The calutrons of the U.S. Department of Energy's (DOE's) Oak Ridge National Laboratory (ORNL) are operating again after a three-year hiatus. The electromagnetic separation devices, which essentially are large mass spectrometers, were used on a massive scale during World War II's Manhattan Project for the production of fissionable uranium-235. In more recent times they have been a source of high-quality stable, or nonradioactive, isotopes that are important to industry, medicine, and scientific research.

Despite the recent extended shutdown of ORNL's calutrons, inventories of enriched stable isotopes from previous operations enabled the Laboratory's Isotope Enrichment Facility to distribute isotope products at a normal pace. However, new contracts to supply these isotopes to a variety of customers, coupled with the growing use of radioisotopes derived from them and concern over foreign supplies, made it necessary to restart the calutrons and replenish inventories.

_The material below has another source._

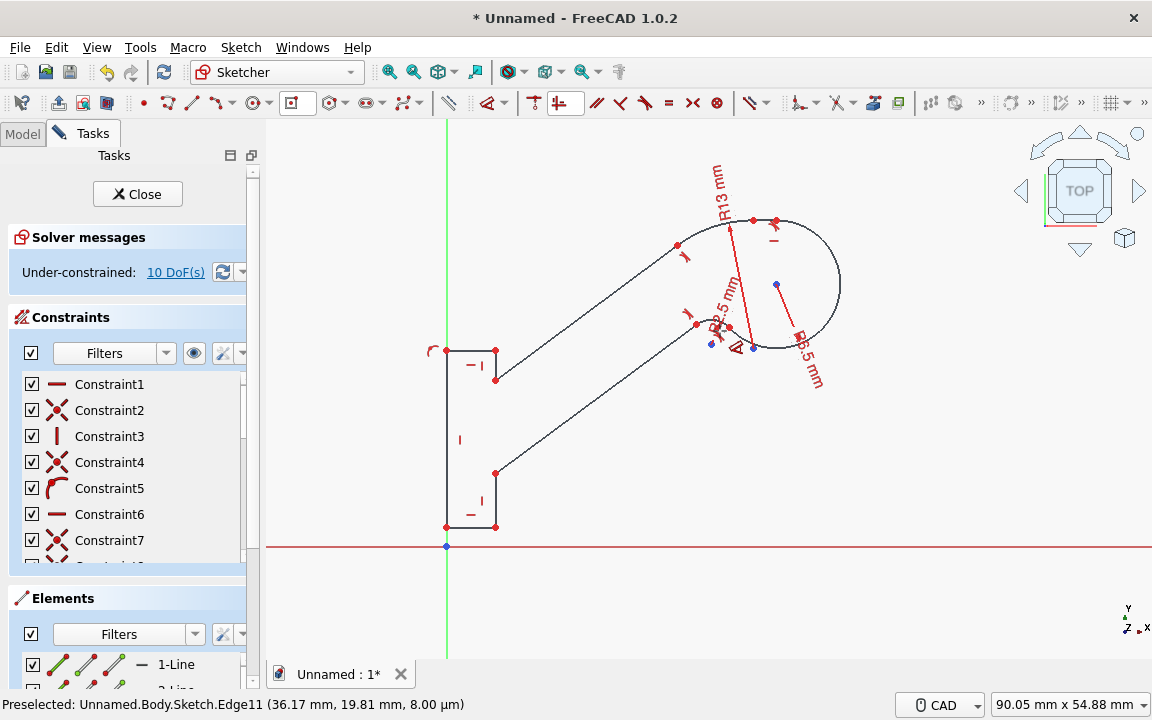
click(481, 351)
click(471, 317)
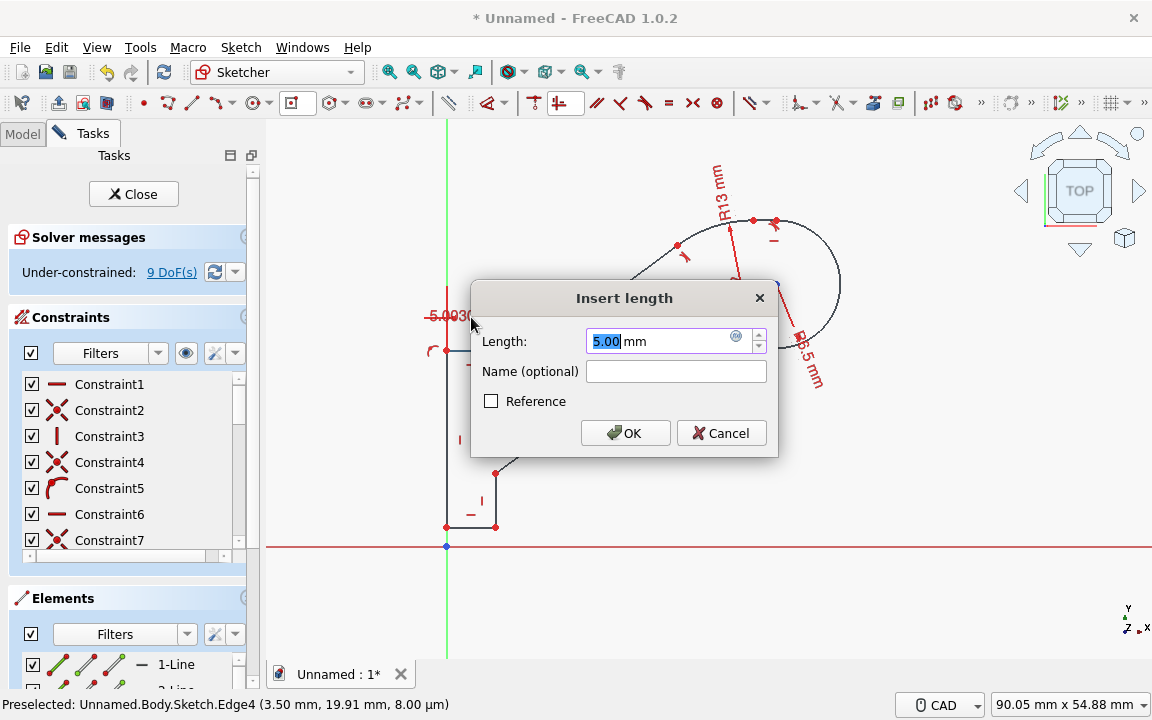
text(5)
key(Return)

"We feel like the calutrons are a national resource and it's good to see them going again," said Isotope Program Manager Emory Collins, of ORNL's Chemical Technology Division. In fact, ORNL's calutrons are among the few in the world that are operational, and are the only ones in the Western World producing stable isotopes. Because of their value to research, DOE adopted a National Isotope Strategy in 1994 that promotes production of nonprofitable amounts of these rare isotopes. At the same time, Collins said, producing larger volumes of isotopes should bring down prices.

Collins said that the calutrons will produce enriched precursors to important medical radioisotopes including thallium-203, precursor to thallium-201, which is widely used for heart scans; zinc-68, the precursor to gallium-67, used for tumor imaging; and strontium-88, the source of a product, called "Metastron," that has proven effective as a therapeutic treatment for patients with cancer-induced bone pain. The active agent in Metastron, developed at ORNL and recently licensed by Amersham Corporation, is the radioisotope strontium-89 chloride, which is derived from strontium-88.

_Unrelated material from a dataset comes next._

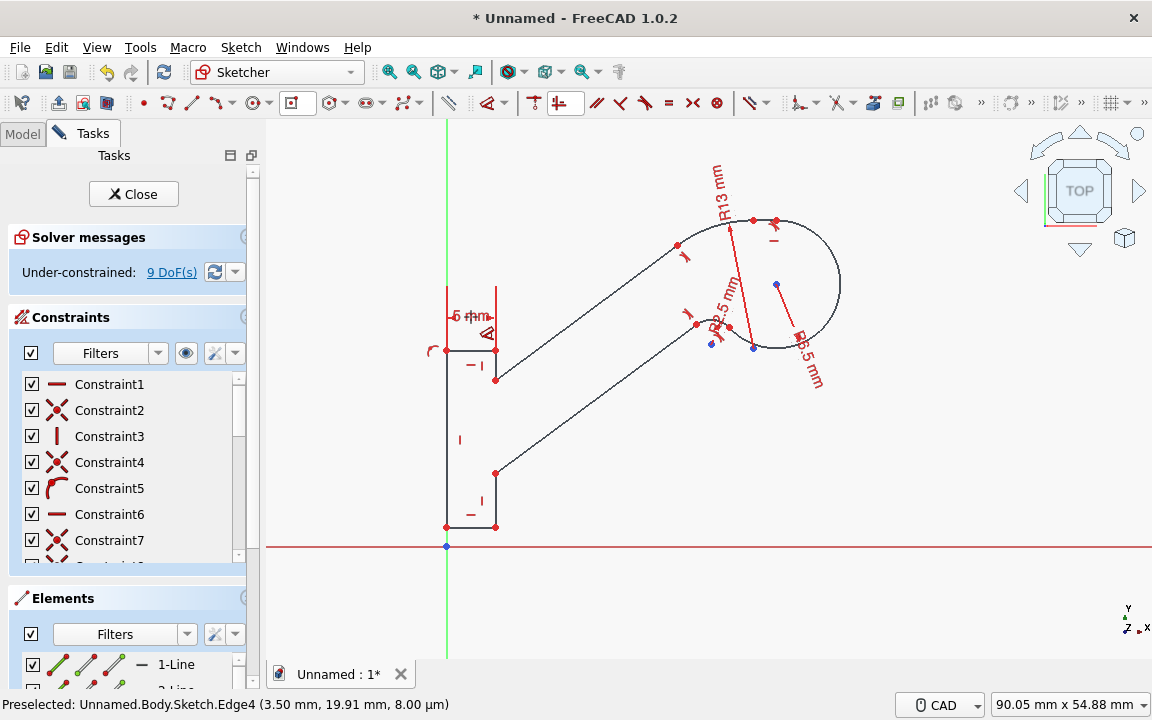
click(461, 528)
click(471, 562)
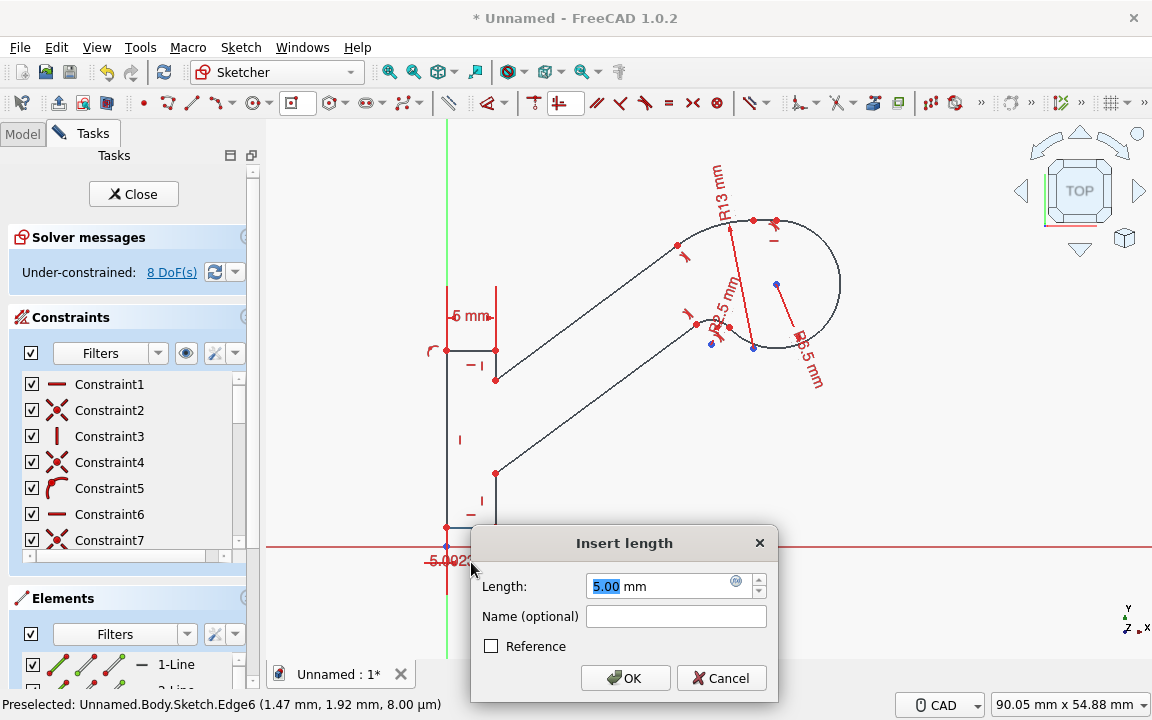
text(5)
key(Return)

ORNL's calutrons are located at the Oak Ridge Y-12 Plant, where more than 1100 of the machines, initially designed by Nobel Laureate E. O. Lawrence, produced uranium-235 in the 1940s for the atom bomb project. The leap in technology required to design, construct, and operate the massive Oak Ridge calutron facility was comparable with that required to put a man on the moon, and it was accomplished in a fraction of the time. However, because more efficient uranium production methods were later developed, the numbers of calutrons dwindled to the 20 that now operate at Oak Ridge.

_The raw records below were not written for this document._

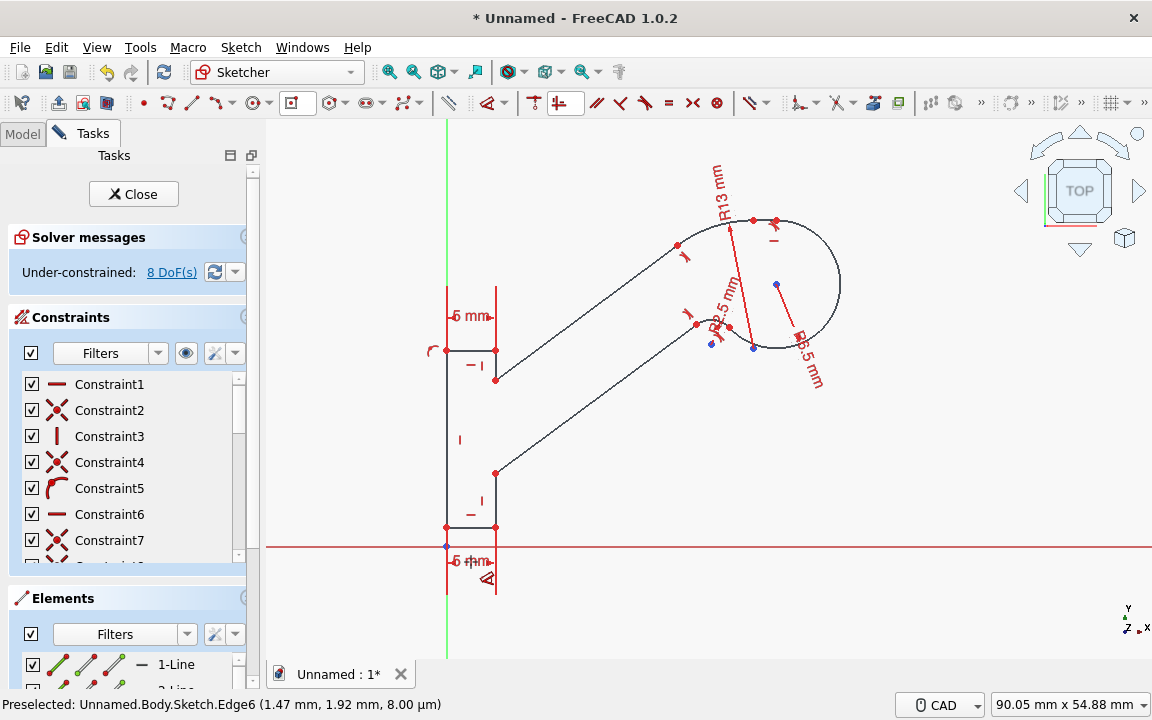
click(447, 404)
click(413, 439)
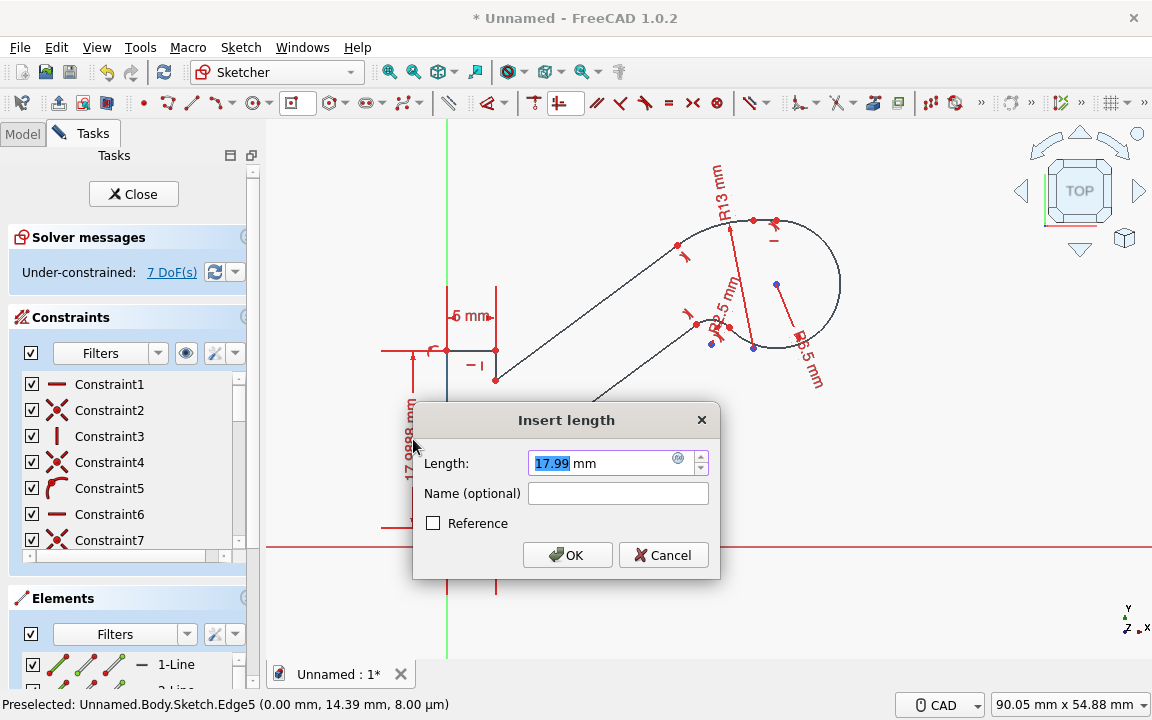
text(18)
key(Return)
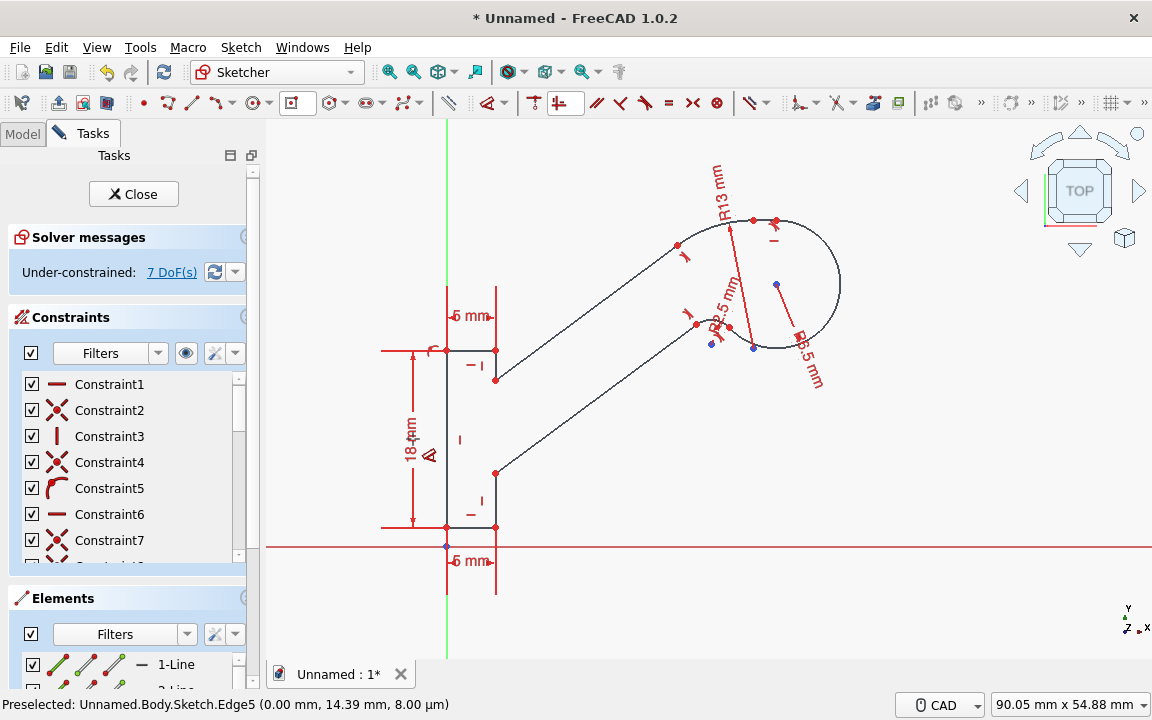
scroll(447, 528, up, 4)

Calutrons are slow and expensive to run. Despite their drawbacks, calutrons can simultaneously produce a variety of high-quality enriched stable isotopes - 225 isotopes from 55 chemical elements - that are well-suited for irradiation to produce radioisotopes. Products of these enriched stable isotope are used for purposes ranging from medicine to materials research to quality inspection.

ORNL, one of DOE's multiprogram research laboratories, is managed by Martin Marietta Energy Systems, a Lockheed Martin company, which also manages the Oak Ridge Y-12 Plant and the Oak Ridge K-25 Site.